[Data records]

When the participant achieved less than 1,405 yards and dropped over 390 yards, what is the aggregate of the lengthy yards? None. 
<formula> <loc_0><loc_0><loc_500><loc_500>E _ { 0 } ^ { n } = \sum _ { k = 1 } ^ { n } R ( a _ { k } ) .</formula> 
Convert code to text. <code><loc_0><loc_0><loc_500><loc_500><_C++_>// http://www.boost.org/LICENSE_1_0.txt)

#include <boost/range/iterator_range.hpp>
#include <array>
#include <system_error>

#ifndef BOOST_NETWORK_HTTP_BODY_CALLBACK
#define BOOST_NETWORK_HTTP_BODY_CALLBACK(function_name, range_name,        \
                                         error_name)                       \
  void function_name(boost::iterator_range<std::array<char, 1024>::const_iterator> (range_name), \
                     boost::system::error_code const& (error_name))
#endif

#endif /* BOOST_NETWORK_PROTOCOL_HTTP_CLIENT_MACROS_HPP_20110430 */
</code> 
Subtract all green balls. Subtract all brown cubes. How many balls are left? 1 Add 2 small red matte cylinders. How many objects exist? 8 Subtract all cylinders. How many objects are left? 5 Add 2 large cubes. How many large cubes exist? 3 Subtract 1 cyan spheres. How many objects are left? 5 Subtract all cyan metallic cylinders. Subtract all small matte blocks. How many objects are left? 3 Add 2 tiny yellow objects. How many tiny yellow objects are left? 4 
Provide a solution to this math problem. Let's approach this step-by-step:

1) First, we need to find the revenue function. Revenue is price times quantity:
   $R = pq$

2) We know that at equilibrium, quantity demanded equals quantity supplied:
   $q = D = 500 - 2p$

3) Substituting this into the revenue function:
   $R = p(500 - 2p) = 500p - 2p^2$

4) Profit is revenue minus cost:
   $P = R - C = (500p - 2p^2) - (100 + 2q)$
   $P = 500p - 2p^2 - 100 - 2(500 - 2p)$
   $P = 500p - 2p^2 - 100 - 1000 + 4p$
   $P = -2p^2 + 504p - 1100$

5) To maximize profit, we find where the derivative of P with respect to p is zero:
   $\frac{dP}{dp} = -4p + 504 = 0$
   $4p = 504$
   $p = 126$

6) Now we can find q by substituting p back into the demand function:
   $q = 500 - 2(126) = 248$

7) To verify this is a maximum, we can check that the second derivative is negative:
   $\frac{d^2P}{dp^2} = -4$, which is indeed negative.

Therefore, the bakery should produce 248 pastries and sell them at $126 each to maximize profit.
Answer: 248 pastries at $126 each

[/Data records]
[Data records]

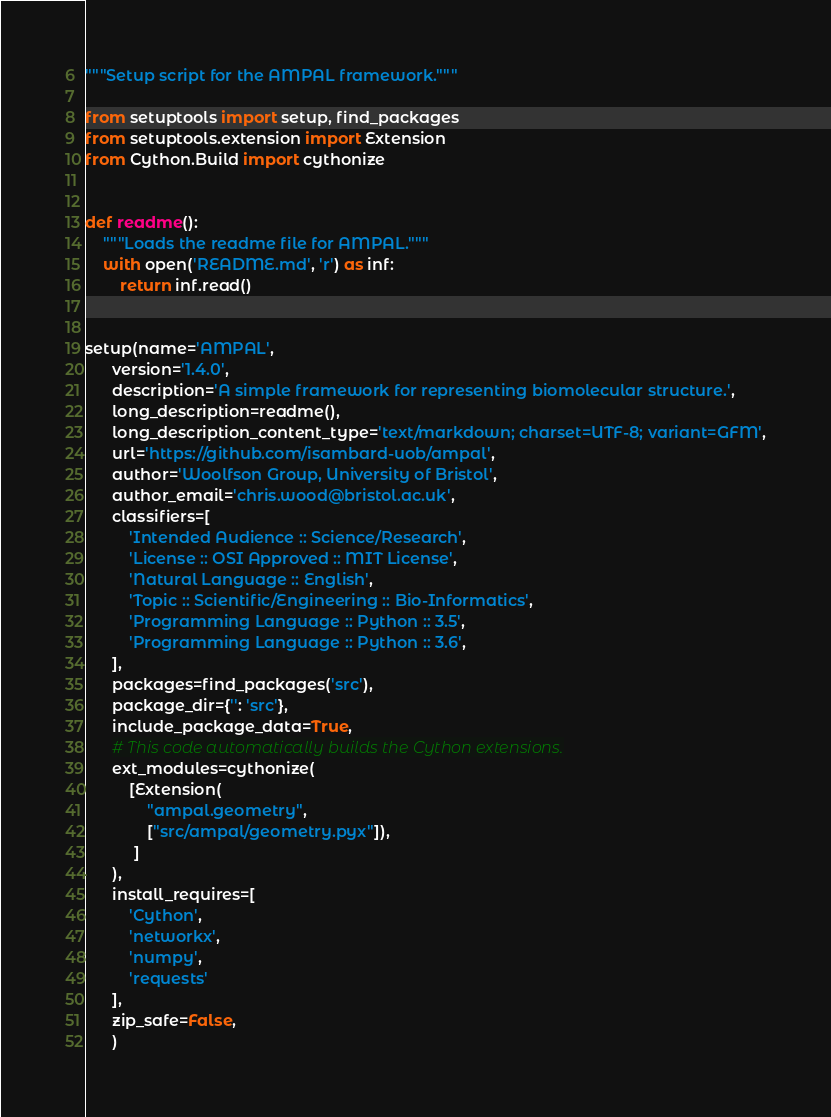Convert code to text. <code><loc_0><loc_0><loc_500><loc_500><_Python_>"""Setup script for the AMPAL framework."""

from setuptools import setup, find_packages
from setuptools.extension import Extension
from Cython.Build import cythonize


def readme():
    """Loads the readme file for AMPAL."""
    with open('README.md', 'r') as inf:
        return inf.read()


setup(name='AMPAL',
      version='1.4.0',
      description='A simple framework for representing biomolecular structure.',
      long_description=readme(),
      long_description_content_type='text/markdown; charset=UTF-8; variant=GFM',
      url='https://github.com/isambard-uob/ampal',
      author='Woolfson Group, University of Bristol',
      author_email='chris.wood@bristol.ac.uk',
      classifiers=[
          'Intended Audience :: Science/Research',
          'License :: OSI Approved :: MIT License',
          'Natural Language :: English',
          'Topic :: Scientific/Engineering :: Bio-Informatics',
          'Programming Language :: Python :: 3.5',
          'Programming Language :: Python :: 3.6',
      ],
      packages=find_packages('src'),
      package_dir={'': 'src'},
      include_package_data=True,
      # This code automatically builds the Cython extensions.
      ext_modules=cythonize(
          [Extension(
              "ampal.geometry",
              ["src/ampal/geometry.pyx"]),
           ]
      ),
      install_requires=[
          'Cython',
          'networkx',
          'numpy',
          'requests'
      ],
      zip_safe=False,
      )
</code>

[/Data records]

**Problem details:** Which lines in the records above hold the string "that"? Copy each of them.

**Solution to this exercise:**
2) We know that at equilibrium, quantity demanded equals quantity supplied:
7) To verify this is a maximum, we can check that the second derivative is negative:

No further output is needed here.